2003 yılında basketbola başladığı yer olan karşıyaka'da oyunculuk yaşamını noktalamıştır. hali hazırda aynı takımda genel menajerlik görevini sürdürmektedir.

rüçhan tamsöz

gidiyorum bu
efsane eczacıbaşı kadrosu içerisinde basketbol dünyasına merhaba diyen ve 1997-2000 yılları arasında beşiktaş forması giymiş olan kadim şutör/ideal iki numara. gününde olursa kendisini savunan kişiye "bir ihtimal daha var o da ölmek mi dersin. söyle canım ne dersin?" isimli veciz eseri rahatlıkla söyletebilme yeteneğine sahipken, havasını yakalayamadığı maçlarda izleyenlerin tırnaklarını yediği vakidir.

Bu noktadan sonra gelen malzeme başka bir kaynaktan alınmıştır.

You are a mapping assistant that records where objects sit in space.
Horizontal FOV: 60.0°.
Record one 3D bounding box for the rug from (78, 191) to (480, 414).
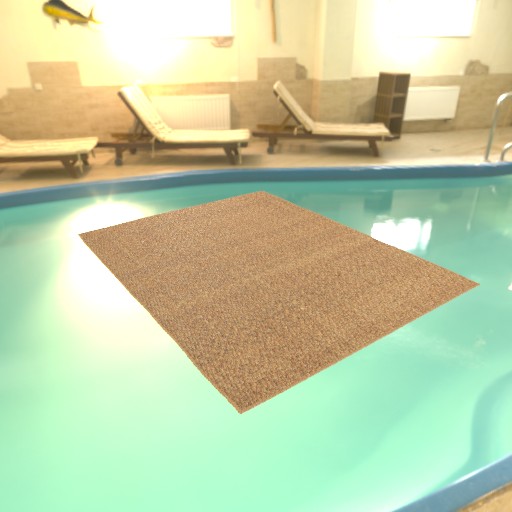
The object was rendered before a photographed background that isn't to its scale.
[{"bbox_3d":[0.000,0.000,4.157,2.439,0.013,3.048,-18,32,-32],"label":"rug"}]

2001 yılında mydonose kolejliler formasıyla kariyerini noktalamıştır.

ömer saybir

gidiyorum bu
profesyonel kariyerine 1980-1981 sezonunda beşiktaş formasıyla başlayan, üç sezon beşiktaş'ta oynadıktan sonra sırasıyla efes pilsen, paşabahçe, galatasaray, oyak renault, kayseri meysuspor formalarını terleten, 1995-1996 sezonunda yeniden beşiktaş'a dönen ve en son 1996-1997 sezonunda itü forması ile izlediğim 1961 doğumlu eski basketbolcu, pivot. tek kollu canavar.

hüsnü çakırgil

gidiyorum bu
1994-1995 sezonunda bir fenerbahçe - beşiktaş maçı esnasında tam üçlüğe kalkarken beşiktaş tribününden bir taraftarın "ağabey sendeki bıyık bende olacak bir dakika düşünmem beşiktaş'ta oynarım" demesi üzerine duygulanarak hatalı yürüme yapıp 1995 yılında beşiktaş basketbol takımına transfer olma kararı ile birlikte 1995-1997 yılları arasında (b: ahmet fetgeri spor salonu)'nu rakiplere dar eden selvi boylum.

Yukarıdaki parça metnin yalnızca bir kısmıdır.